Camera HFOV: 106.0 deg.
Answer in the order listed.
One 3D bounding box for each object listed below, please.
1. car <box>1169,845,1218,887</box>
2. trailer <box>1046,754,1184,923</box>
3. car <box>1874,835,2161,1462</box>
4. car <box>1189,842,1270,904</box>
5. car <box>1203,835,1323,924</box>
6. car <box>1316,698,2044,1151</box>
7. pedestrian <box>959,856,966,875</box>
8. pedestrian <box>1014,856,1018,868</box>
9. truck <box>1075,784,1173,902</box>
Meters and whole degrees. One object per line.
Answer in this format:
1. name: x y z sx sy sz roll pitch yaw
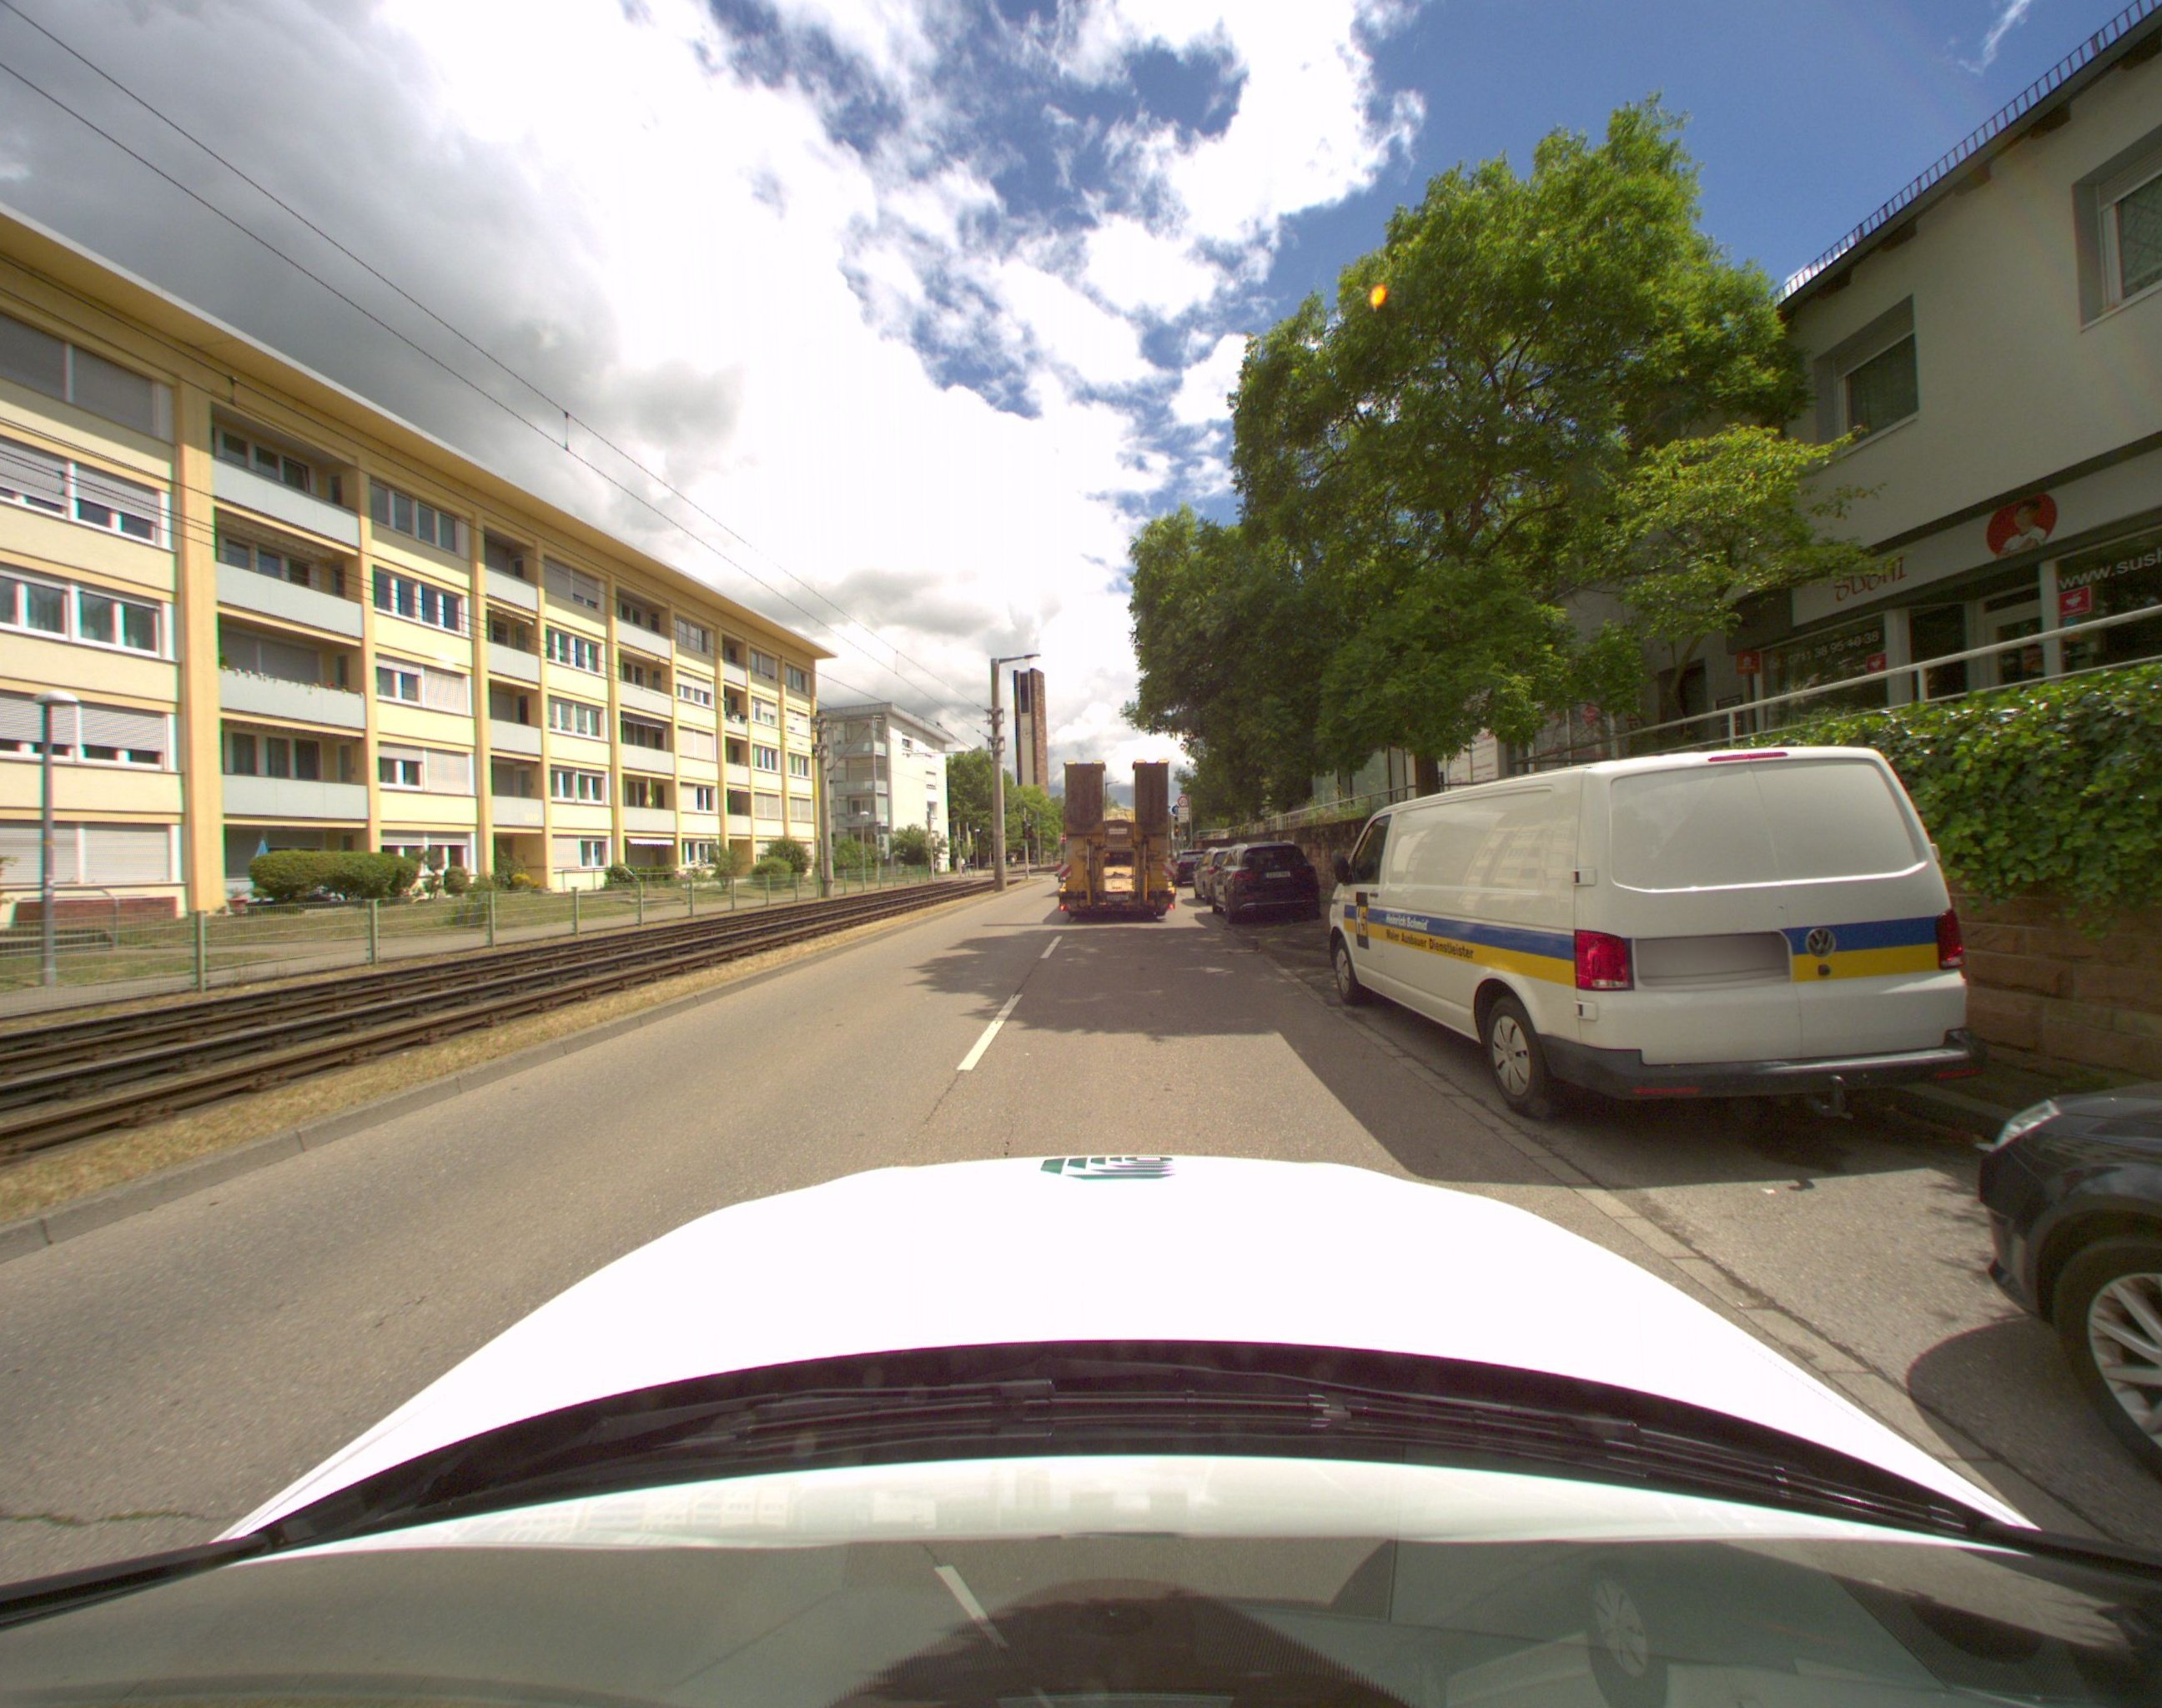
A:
1. car: 4.949 0.503 36.170 1.842 1.639 4.005 -3 0 4
2. trailer: 1.064 -0.338 21.793 2.931 3.601 8.694 0 0 4
3. car: 3.176 0.664 0.646 1.567 1.428 3.738 -2 0 3
4. car: 4.343 0.529 24.451 1.782 1.617 4.251 -3 0 3
5. car: 3.877 0.499 18.082 1.783 1.617 4.450 -4 0 3
6. car: 3.374 0.316 6.133 1.965 1.970 5.017 -2 0 3
7. pedestrian: -10.139 0.987 69.799 0.435 1.581 0.475 -1 0 7
8. pedestrian: -7.871 0.960 98.625 0.346 1.537 0.558 -1 0 7
9. truck: 1.501 -0.336 27.183 2.929 3.572 4.883 0 0 4
····················
→ Your goal:
From the first record to the last, retype everything exactly except the images.

→ Reply:
Camera HFOV: 106.0 deg.
Answer in the order listed.
One 3D bounding box for each object listed below, please.
1. car <box>1169,845,1218,887</box>
2. trailer <box>1046,754,1184,923</box>
3. car <box>1874,835,2161,1462</box>
4. car <box>1189,842,1270,904</box>
5. car <box>1203,835,1323,924</box>
6. car <box>1316,698,2044,1151</box>
7. pedestrian <box>959,856,966,875</box>
8. pedestrian <box>1014,856,1018,868</box>
9. truck <box>1075,784,1173,902</box>
Meters and whole degrees. One object per line.
Answer in this format:
1. name: x y z sx sy sz roll pitch yaw
A:
1. car: 4.949 0.503 36.170 1.842 1.639 4.005 -3 0 4
2. trailer: 1.064 -0.338 21.793 2.931 3.601 8.694 0 0 4
3. car: 3.176 0.664 0.646 1.567 1.428 3.738 -2 0 3
4. car: 4.343 0.529 24.451 1.782 1.617 4.251 -3 0 3
5. car: 3.877 0.499 18.082 1.783 1.617 4.450 -4 0 3
6. car: 3.374 0.316 6.133 1.965 1.970 5.017 -2 0 3
7. pedestrian: -10.139 0.987 69.799 0.435 1.581 0.475 -1 0 7
8. pedestrian: -7.871 0.960 98.625 0.346 1.537 0.558 -1 0 7
9. truck: 1.501 -0.336 27.183 2.929 3.572 4.883 0 0 4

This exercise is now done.